Through the Eucharist, reduced as early as the late first century to a symbolic meal before work on Sunday mornings (cf. Carvalhaes), the lens through which we experience the world shifts from one that views privilege and inequality as “normal,” to one that sees compassionate justice and reconciliation as absolutely necessary for there to be any real or lasting peace. Where inequality breeds violence and war, justice joined by forgiveness and reconciliation breeds understanding, hope, and ultimately, peace.

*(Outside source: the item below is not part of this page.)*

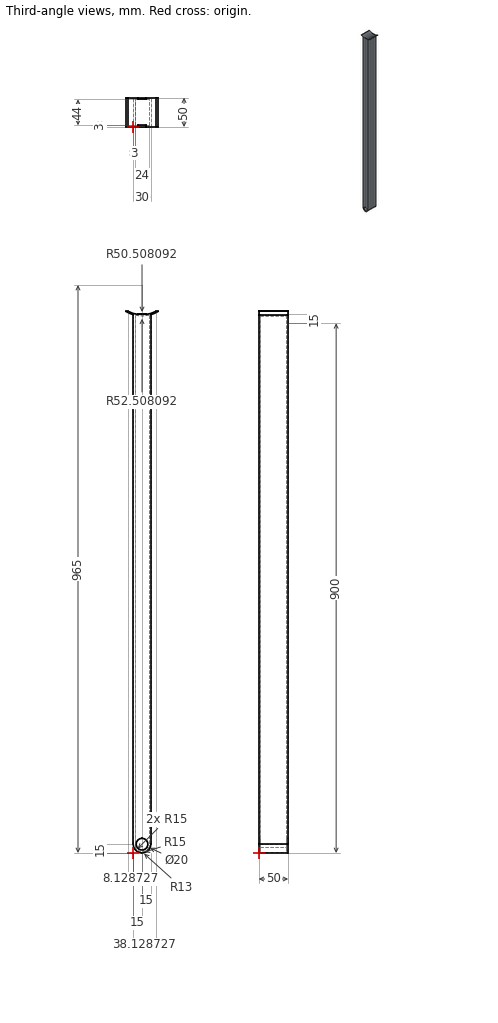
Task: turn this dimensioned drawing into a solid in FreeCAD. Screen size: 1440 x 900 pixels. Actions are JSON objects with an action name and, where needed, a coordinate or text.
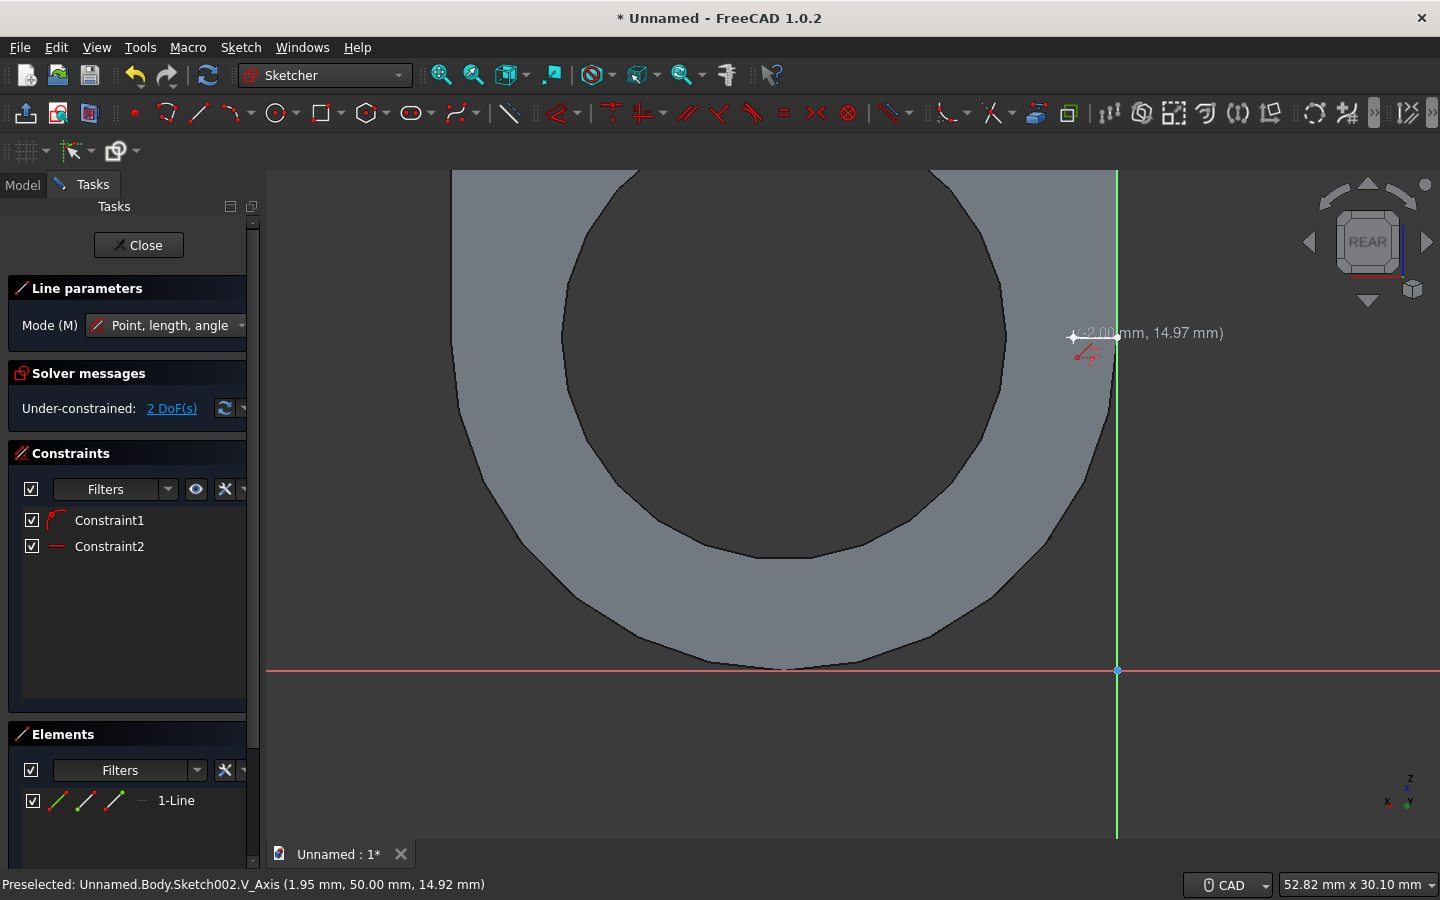
{"action": "left_click", "coordinate": [495, 337]}
{"action": "left_click", "coordinate": [451, 337]}

In Scott’s words: “The Eucharist models a shared vulnerability that can break the cycle of violence” that has been witnessed in Northern Ireland and South Africa (Scott, 24). To eat together is to seek understanding of and with one another (Scott, 23). This speaks to the reality that Eucharist is not, nor should it ever be, a private act in the context of community, but a very social act in the context of a very complex world in which people have the “capacity to create events either of communion or disunion with God and with others” (Scott, 26)—what we in the Christian faith refer to as our God-given free-will.

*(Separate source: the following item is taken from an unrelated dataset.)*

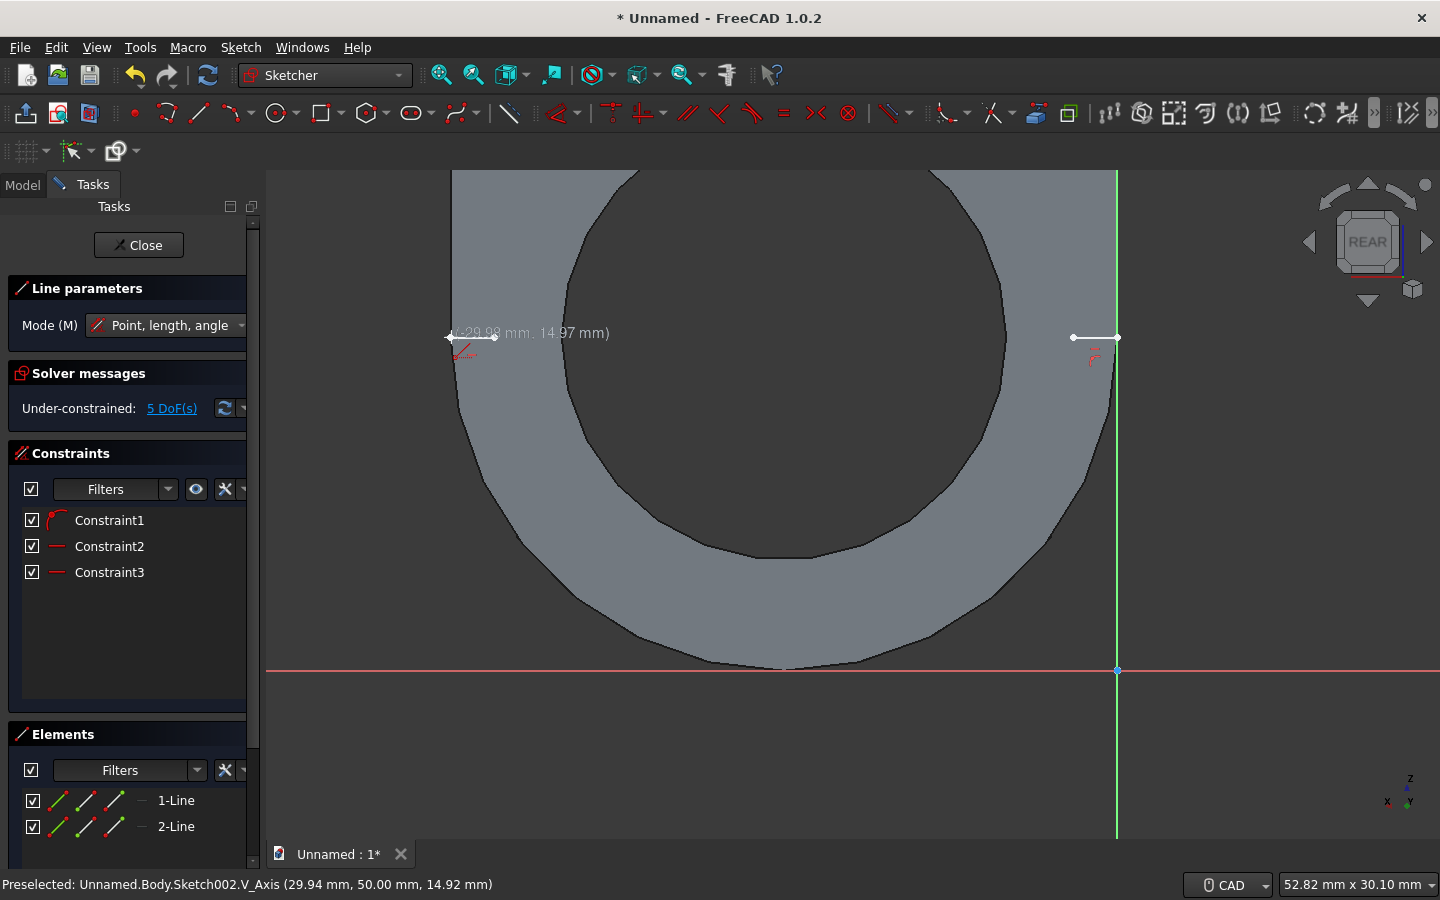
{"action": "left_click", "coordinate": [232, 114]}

God also made us a ‘hungry people’ and gave us the whole world as our food. Food, then, together with all the resources of creation, is God’s gift to the whole human family, for everyone, everywhere—both rich and poor—to enjoy and reverence as sacrament of communion with God. (Scott, 36)
Food, whether in Eucharistic ritual or in regular meals, is a gift from God and a sign of our common heritage and covenant with/from God. The meal—our physical and spiritual sustenance—is a reminder and an act of recognizing and embodying our mutual interdependence with God and one another. Unfortunately, our North American fast-food culture has obscured the reality beneath our desires and our worship practices. Drive-thru Eucharist, anyone? Could there be anything more antithetical to our communal human nature?